A half-dozen rusting air conditioners jutted from the corrugated metal walls of the Annex, their compressors chugging full blast—full steam, I caught myself thinking ironically as I tugged open the balky steel door and stepped inside. The air conditioners did manage to lower the humidity a few notches, but they hadn’t made much headway against the heat, and none at all against the smell.
The Anthropology Department’s main quarters—built by bricking in the wedge of space beneath Neyland Stadium’s grandstands, decades before—weren’t exactly prime real estate; far from it. But Stadium Hall was palatial compared with the Annex. In winter the Annex was an icebox, rattling in the wind; in summer, it was a solar oven, its metal panels creaking and popping in the heat. And no matter the season, it stank inside, for the Annex was where we did the dirty work of processing human remains: simmering and scrubbing; separating flesh from bone; removing life’s lingering vestiges.
One corner of the processing room was taken up by an industrial-sized sink, which was flanked on one side by an immense steam-jacketed kettle—a cauldron big enough to simmer an entire skeleton—and on the other by a wide counter that ran the length of the wall. The counter was covered with blue surgical pads to absorb moisture from damp, freshly scrubbed bones, and when I entered, Tyler was laying out the last of the bones we’d brought back from the strip mine, neatly arranging them in anatomical order.
Normally I began my forensic examinations at the skull, but in this case—a case where the questions of age and sex seemed to converge, to entwine, in a pivotal way—I found my eyes drawn first to the pelvis, which confirmed what I’d thought in the field: female, beyond a doubt. The hip bones flared widely, giving them the distinctive shape that always reminded me of elephant ears; the sciatic notches—openings at the base of the sit bones where major nerves emerged from the lower spine—were broad, unlike the narrow notches of a male pelvis; and the pubic bone curved outward and down to create a concavity in her belly and birth canal, making room for babies that this particular female would never have.
But if her pelvis said “woman,” her mouth whispered a different, sadder word to me: “child.” If she had lived to be my age, the ripe old age of thirty-seven, her maxillary sutures—the seams in the roof of her mouth—would have begun smoothing out and filling in, eventually becoming nearly invisible. But the maxillary sutures in the skull I cradled upside down in my hand were rough and bumpy, the bones barely beginning to fuse. In fact, if I hadn’t known from years of study that the bones were slowly joining, I might have concluded that something had struck the hard palate at its center, creating a cruciform pattern of cracks. But it was her life, not her palate, that had shattered.
Tyler studied my face as I studied the dead girl’s skull. “How old you think she is?”
“Not old enough,” I said. “Fourteen; fifteen, tops. But maybe only twelve or thirteen.”
He frowned and shook his head—not in disagreement, but in dismay. “That’s what I figured, too, but I was hoping you’d tell me I was wrong.”
“Any skeletal trauma?”
“A couple healed fractures in the arms,” he said. “One in the left humerus, the other in the right radius, about three inches above the wrist. And two ribs. But nothing perimortem. Nothing I could see, anyhow. Maybe you’ll spot something I’ve missed.”
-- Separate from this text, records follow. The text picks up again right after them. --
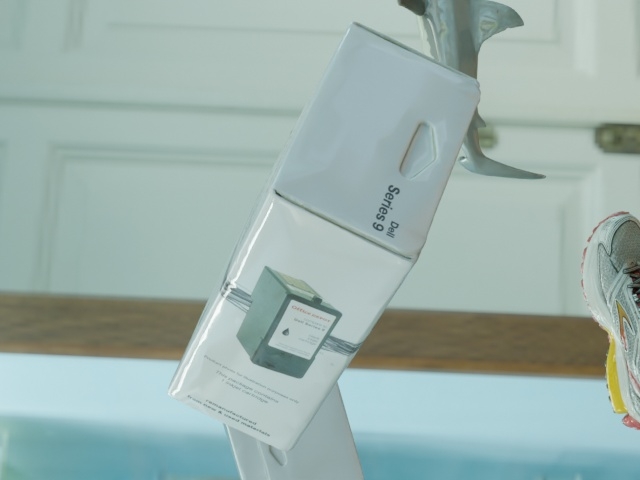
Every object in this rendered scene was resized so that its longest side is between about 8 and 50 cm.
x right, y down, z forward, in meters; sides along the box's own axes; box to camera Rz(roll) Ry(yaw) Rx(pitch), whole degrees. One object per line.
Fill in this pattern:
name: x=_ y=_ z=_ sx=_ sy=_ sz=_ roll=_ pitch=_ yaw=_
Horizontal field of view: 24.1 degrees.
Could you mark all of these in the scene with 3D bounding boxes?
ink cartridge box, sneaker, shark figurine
ink cartridge box: x=-0.038 y=0.207 z=1.636 sx=0.176 sy=0.127 sz=0.128 roll=-158 pitch=52 yaw=-83
ink cartridge box: x=0.000 y=0.000 z=1.208 sx=0.289 sy=0.121 sz=0.211 roll=-60 pitch=5 yaw=48
sneaker: x=0.335 y=0.079 z=1.522 sx=0.092 sy=0.088 sz=0.225 roll=-15 pitch=90 yaw=61
shark figurine: x=0.160 y=-0.185 z=1.540 sx=0.166 sy=0.116 sz=0.278 roll=-26 pitch=-77 yaw=-71
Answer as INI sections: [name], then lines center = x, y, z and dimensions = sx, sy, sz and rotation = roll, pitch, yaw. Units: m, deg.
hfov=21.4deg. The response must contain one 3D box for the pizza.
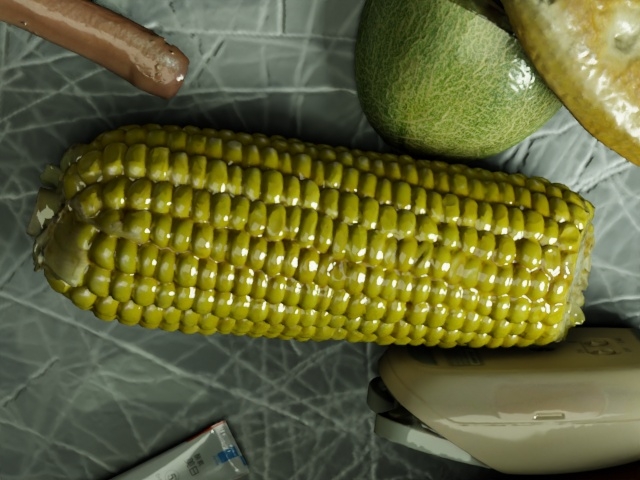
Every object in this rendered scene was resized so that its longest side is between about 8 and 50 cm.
[pizza]
center = 0.228, -0.110, 1.118
dimensions = 0.271, 0.056, 0.134
rotation = 14, 75, -30

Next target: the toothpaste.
[toothpaste]
center = -0.147, 0.190, 1.251
dimensions = 0.190, 0.031, 0.048
rotation = -24, 107, 2

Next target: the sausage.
[sausage]
center = -0.175, -0.145, 1.121
dimensions = 0.186, 0.043, 0.043
rotation = 23, 107, -12

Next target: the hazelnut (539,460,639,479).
[hazelnut]
center = 0.226, 0.298, 1.145
dimensions = 0.372, 0.372, 0.315
rotation = -38, 80, 10

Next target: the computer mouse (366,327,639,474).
[computer mouse]
center = 0.151, 0.111, 1.177
dimensions = 0.237, 0.145, 0.082
rotation = -3, 103, -4

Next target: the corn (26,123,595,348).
[corn]
center = 0.000, 0.000, 1.132
dimensions = 0.387, 0.144, 0.144
rotation = 5, 109, -4

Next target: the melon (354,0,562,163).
[melon]
center = 0.093, -0.103, 1.131
dimensions = 0.160, 0.079, 0.128
rotation = 26, 105, -12
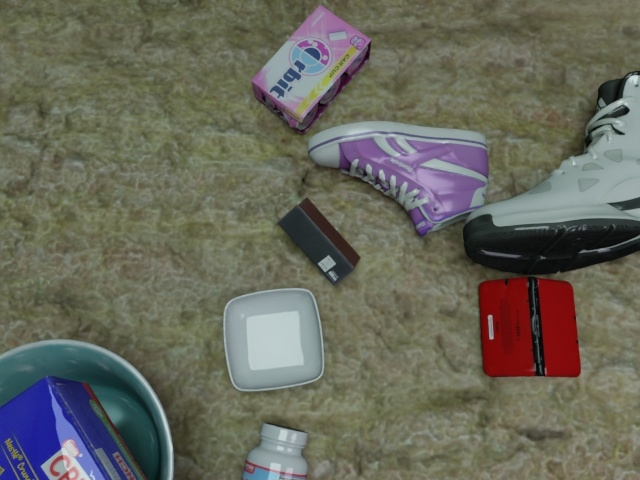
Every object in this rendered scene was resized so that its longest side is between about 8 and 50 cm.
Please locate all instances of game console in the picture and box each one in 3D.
[{"bbox_3d":[0.311,0.132,0.926,0.124,0.085,0.144,-9,72,31],"label":"game console"}]

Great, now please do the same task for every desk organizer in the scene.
[{"bbox_3d":[0.000,0.000,0.945,0.047,0.050,0.130,-40,94,25],"label":"desk organizer"}]

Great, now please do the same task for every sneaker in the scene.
[{"bbox_3d":[0.117,-0.090,0.944,0.282,0.102,0.161,3,79,2],"label":"sneaker"},{"bbox_3d":[0.402,-0.105,0.931,0.447,0.169,0.258,-8,67,-9],"label":"sneaker"}]

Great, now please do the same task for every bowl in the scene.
[{"bbox_3d":[-0.329,0.295,0.817,0.311,0.163,0.312,0,75,0],"label":"bowl"},{"bbox_3d":[-0.068,0.146,0.908,0.141,0.053,0.142,-7,76,-1],"label":"bowl"}]

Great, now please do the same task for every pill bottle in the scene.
[{"bbox_3d":[-0.066,0.336,0.842,0.087,0.087,0.160,12,75,4],"label":"pill bottle"}]

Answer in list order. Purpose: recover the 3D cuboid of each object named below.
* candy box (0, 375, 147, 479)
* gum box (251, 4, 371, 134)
[{"bbox_3d":[-0.335,0.347,0.659,0.317,0.122,0.268,-35,77,-6],"label":"candy box"},{"bbox_3d":[-0.017,-0.275,1.010,0.107,0.062,0.188,38,79,10],"label":"gum box"}]
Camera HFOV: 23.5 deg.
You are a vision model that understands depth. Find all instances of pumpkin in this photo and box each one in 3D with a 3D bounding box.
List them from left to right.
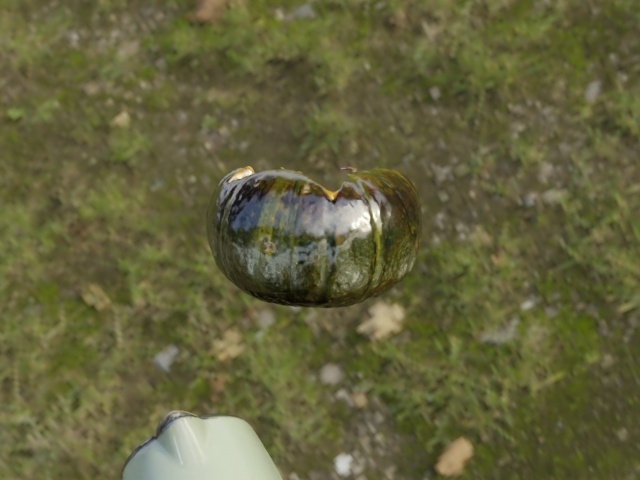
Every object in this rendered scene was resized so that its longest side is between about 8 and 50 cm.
[{"bbox_3d":[0.000,0.000,1.261,0.183,0.119,0.107,-3,24,-5],"label":"pumpkin"}]

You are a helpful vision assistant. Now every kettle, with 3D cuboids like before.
[{"bbox_3d":[-0.093,0.319,1.533,0.165,0.240,0.255,-23,60,-11],"label":"kettle"}]
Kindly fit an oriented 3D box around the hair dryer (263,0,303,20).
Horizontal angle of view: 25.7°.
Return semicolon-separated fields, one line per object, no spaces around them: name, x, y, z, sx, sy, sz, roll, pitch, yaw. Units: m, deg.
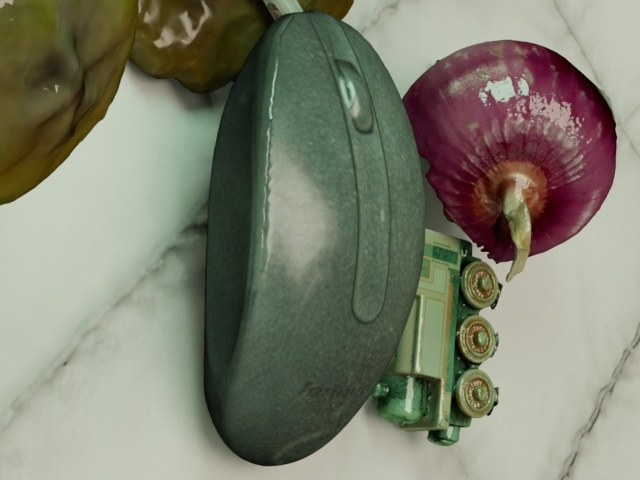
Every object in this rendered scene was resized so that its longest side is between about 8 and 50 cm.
hair dryer;-0.047;-0.205;1.136;0.082;0.047;0.137;-56;132;-27

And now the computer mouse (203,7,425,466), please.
computer mouse;0.004;0.000;1.126;0.203;0.114;0.373;2;95;-45

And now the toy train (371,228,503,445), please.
toy train;0.099;0.087;1.290;0.125;0.081;0.194;15;73;-33

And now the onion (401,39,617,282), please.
onion;0.181;-0.091;1.303;0.207;0.200;0.200;51;48;-1

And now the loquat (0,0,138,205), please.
loquat;-0.246;-0.136;0.832;0.276;0.284;0.276;-40;146;-34

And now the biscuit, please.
biscuit;-0.077;-0.288;1.181;0.335;0.078;0.329;-6;91;-43

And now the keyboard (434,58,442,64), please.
keyboard;0.161;-0.097;1.427;0.195;0.018;0.060;48;59;-28
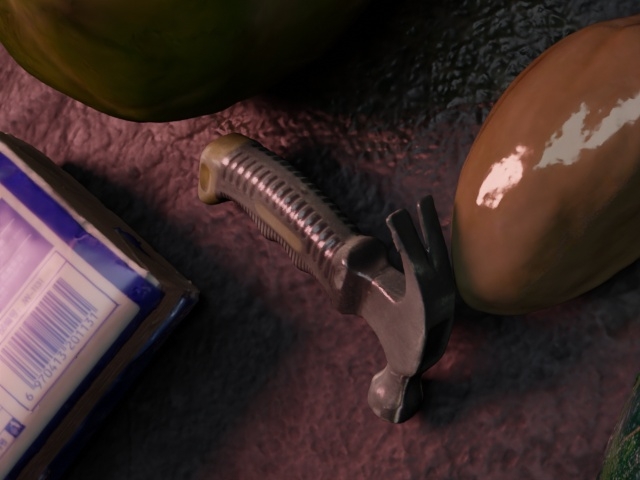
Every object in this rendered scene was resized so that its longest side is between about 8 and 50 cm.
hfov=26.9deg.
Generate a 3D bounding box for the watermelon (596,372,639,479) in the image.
[{"bbox_3d":[0.292,0.073,0.742,0.292,0.319,0.222,0,45,15],"label":"watermelon"}]

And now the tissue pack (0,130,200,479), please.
[{"bbox_3d":[-0.239,0.082,0.956,0.209,0.137,0.269,38,91,24],"label":"tissue pack"}]

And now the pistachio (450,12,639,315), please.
[{"bbox_3d":[0.165,-0.048,0.827,0.136,0.136,0.226,46,104,23],"label":"pistachio"}]

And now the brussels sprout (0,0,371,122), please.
[{"bbox_3d":[-0.085,-0.253,0.864,0.289,0.281,0.354,29,123,39],"label":"brussels sprout"}]

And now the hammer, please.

I pored over every bone twice—with my eyes and with my fingertips—in search of a fresh, unhealed fracture, or the ragged nick of a knife blade, or a telltale smear of lead from a passing bullet—but there was nothing to be found. Finally, circling back to the skull once more, I shone a flashlight through the foramen magnum and peered inside the cranial vault, in case there was a fracture on the inner surface that might have ruptured one of the meningeal arteries, the arteries carrying blood to the brain. “I’m not seeing anything, either,” I said. “Doesn’t mean she wasn’t killed. Just means that any injuries she had were soft-tissue trauma.” I took a final look into the cranial vault. “Oh, hey, did you find a wasp nest in here?”
He reached up and plucked a small gray object from the narrow shelf above the counter, then dropped it into my palm. A dozen or so hollow, hexagonal cells made of dry, papery pulp, it weighed almost nothing. “It’s a little crunched on the sides, from the forceps,” he said. “Getting it out through the foramen magnum was like trying to pull a ship out of a bottle.”
“Any more wasps on board?”
He shook his head. “Nah, I think ol’ Bubba Ray Peckerwood done got ’em all.”
“Careful,” I cautioned. “If you slip up and call him Peckerwood to his face, Special Agent Meffert might just feel obliged to open up a can of whup-ass on you.”
“Ha—let him try,” said Tyler. “I’ll lay some yoga on him. He’ll never even know what hit him.”